The price of oil has always been a major influence. Following the 1973 oil price crisis, the outbreak of the Iranian Revolution in 1979 and fed by fundamental imbalances in the market, oil prices rose steeply.
Trade Unions were another force on inflationary issues in the 1970s when their power over governments seemed unbreakable. Employment has traditionally had an effect on inflation where low unemployment poses a danger of wage increases.
Today
Compared with the rates we saw in the 70s, today’s official inflation figures seem benign. However, the Bank of England, European Central Bank and various economists have made it clear that they have serious concerns about the rise in the cost of living.
One worry is that the economic climate of recent years has been similar to that in the 1960s. The growth of China, for example, with its rapid productivity and incredible capital growth, has been likened to Japan and Germany’s similar fast industrial growth and increasing productivity.
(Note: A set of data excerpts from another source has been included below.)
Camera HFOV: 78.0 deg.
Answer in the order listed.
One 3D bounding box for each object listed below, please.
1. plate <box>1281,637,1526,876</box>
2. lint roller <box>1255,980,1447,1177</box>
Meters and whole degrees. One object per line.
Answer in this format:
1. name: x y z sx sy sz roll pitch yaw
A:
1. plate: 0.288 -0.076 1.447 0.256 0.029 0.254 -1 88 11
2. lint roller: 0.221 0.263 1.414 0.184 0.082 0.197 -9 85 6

Throughout Europe, higher costs are causing companies to put up their prices, wages (which represent around 70 per cent of a company’s costs) are rising in key parts of the world and some oil exporting countries are spending their profits on infrastructure, fuelling competition for global capital.
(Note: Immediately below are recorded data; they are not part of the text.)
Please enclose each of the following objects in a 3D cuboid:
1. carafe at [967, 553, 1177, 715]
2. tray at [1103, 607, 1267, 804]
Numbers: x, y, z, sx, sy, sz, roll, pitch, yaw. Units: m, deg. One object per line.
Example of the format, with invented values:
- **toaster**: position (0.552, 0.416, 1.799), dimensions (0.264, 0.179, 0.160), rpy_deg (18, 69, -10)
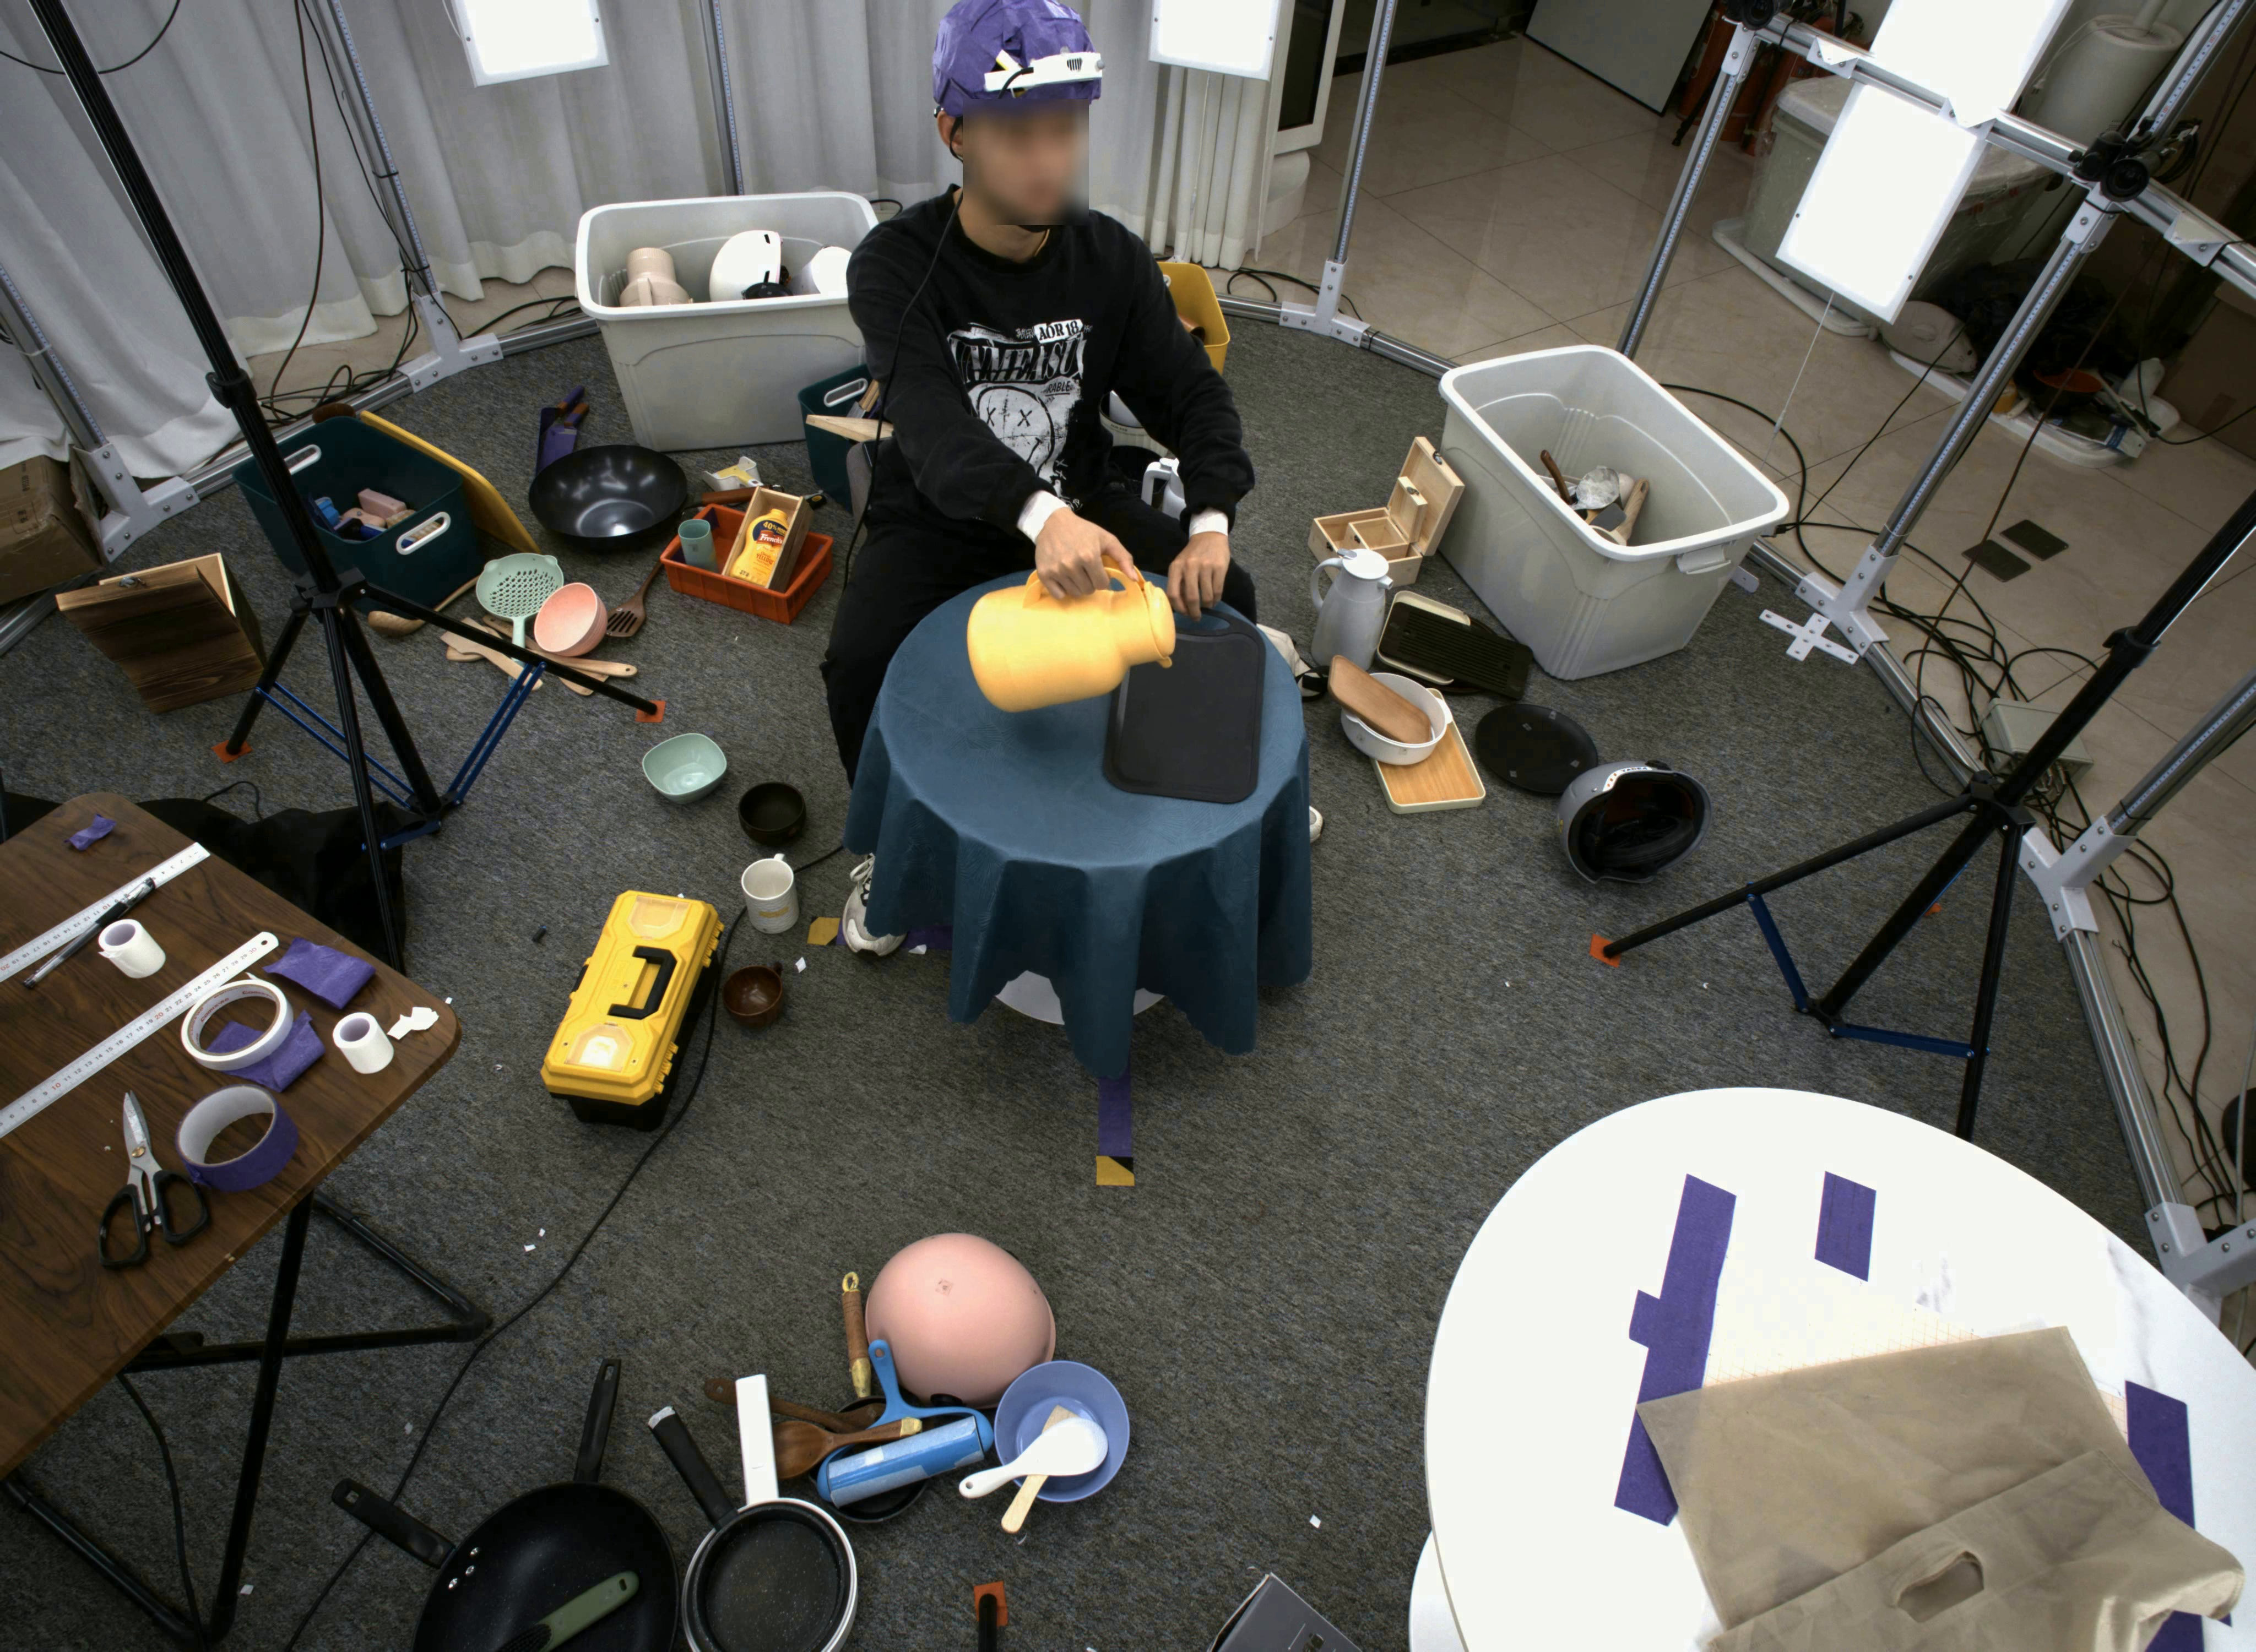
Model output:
- **carafe**: position (-0.074, -0.256, 1.661), dimensions (0.260, 0.197, 0.167), rpy_deg (-11, 46, 14)
- **tray**: position (0.083, -0.179, 1.789), dimensions (0.211, 0.009, 0.332), rpy_deg (7, 59, 2)

Energy prices continue to be the bane of rising inflation pressured by increasing demand and supply concern. The invasion of Iraq a few years ago caused the price of oil to soar and ongoing hostilities mean it remains high. This affects the consumer directly (high petrol costs and utility bills) and indirectly (manufactures increase prices to cover costs).
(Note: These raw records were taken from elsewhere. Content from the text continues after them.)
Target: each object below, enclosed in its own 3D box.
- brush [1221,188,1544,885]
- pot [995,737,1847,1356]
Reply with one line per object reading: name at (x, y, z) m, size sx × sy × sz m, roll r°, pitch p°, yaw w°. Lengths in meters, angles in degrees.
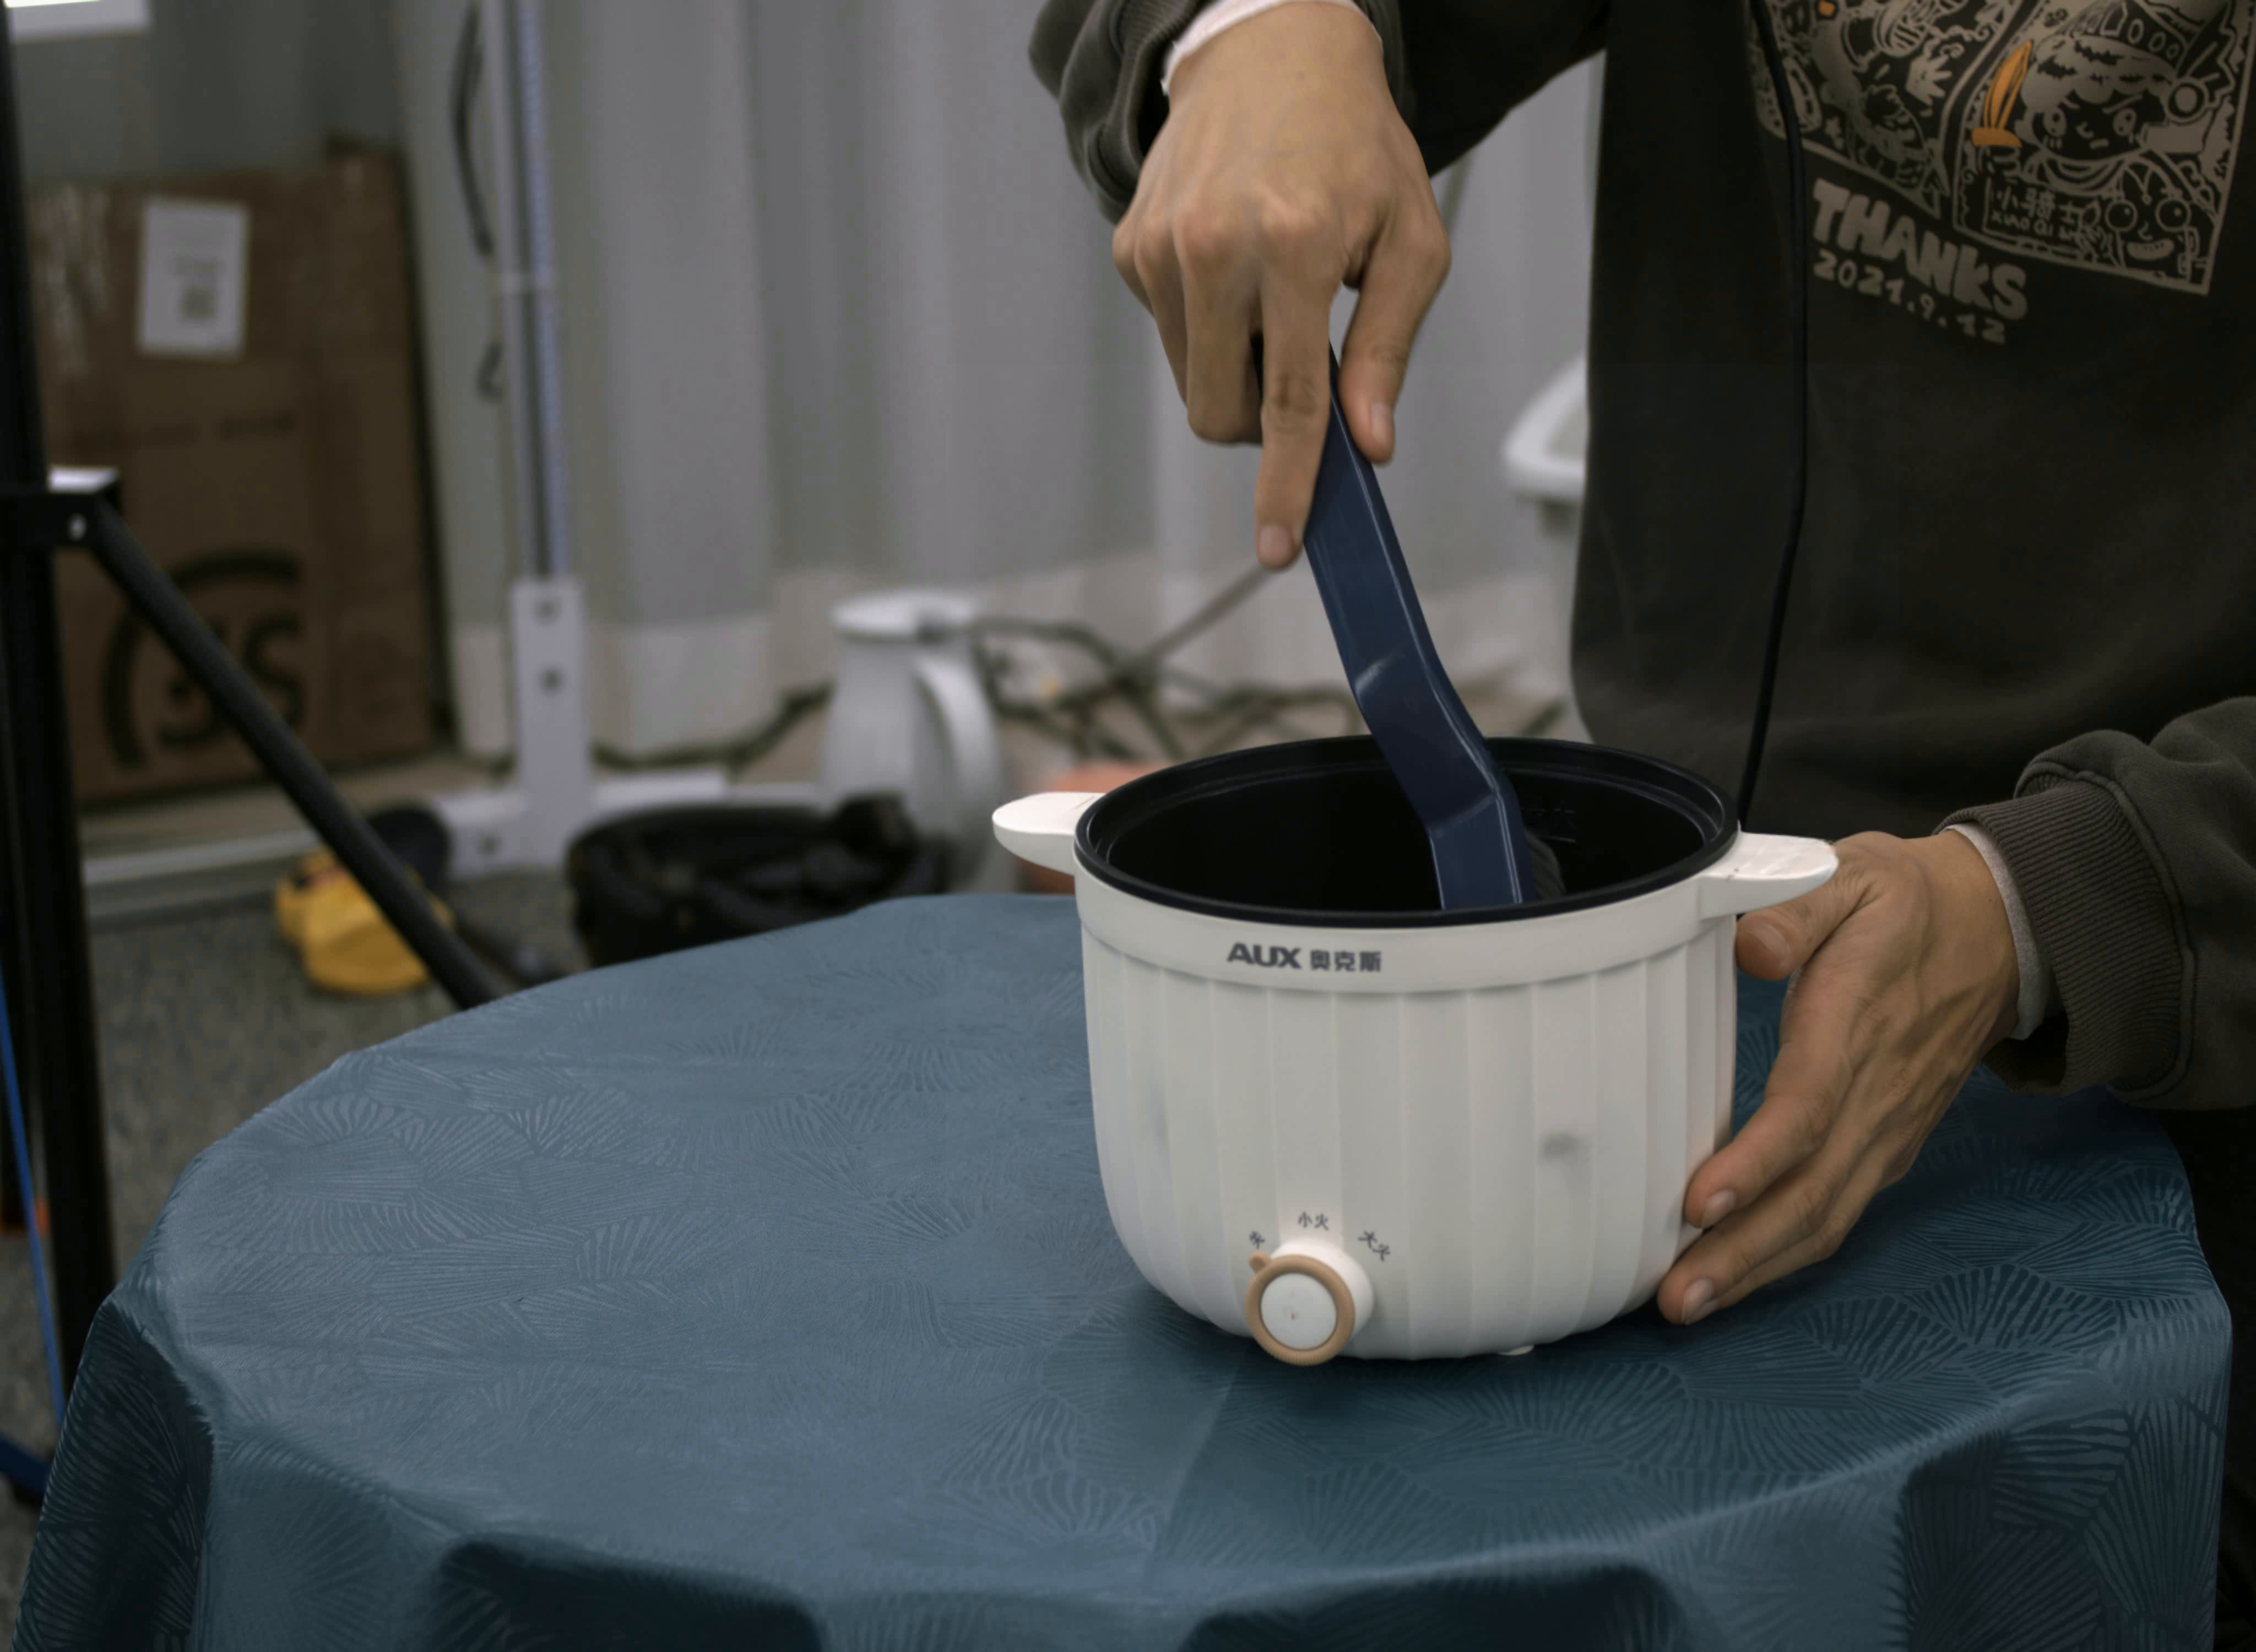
brush at (0.067, -0.060, 1.484) m, size 0.034 × 0.277 × 0.093 m, roll -31°, pitch -24°, yaw 27°
pot at (0.078, 0.063, 1.452) m, size 0.243 × 0.143 × 0.188 m, roll 2°, pitch 12°, yaw 22°

Inflation, as always, can be affected by outside influences, often unpredictable, such as wars, climate, extreme weather patterns and political unrest.
While inflation has dropped back over the last month, many analysts expect this to be short lived. And there is evidence that battling inflation is even harder today than in the 1980s since the short-run links between economic growth and inflation are declining.
Nonetheless, inflation is unlikely to rise back to its 70s heights. One reason why it rocketed then was a series of errors by policy makers, which are unlikely to be repeated.
While the price of oil remains an issue, we also have positive supply shocks: cheap goods from China, new technology, internet shopping which helps keep prices low and so on. Consumers today have different shopping lists to those of the 1970s, but even the price of mobile phones, iPods, computers and so on have fallen dramatically over recent years.
Some analysts expect that in the long term inflation will rise faster than in the short-term, signalling inflationary pressures to come. Once high inflation gets into the economy it is difficult to fell. Just under a year ago, the Bank of England’s chief economist, Charles Bean, said: “If inflation has settled above target, a deeper or more prolonged slowdown is potentially required to bring it down. That puts an even greater premium on keeping inflation expectations well-anchored around the target”.
No one really knows what causes inflation or exactly how to restrain it. Central banks use interest rates and are keeping a watchful eye on it. One thing is certain – lessons have been made in the past and nobody wants history to repeat itself.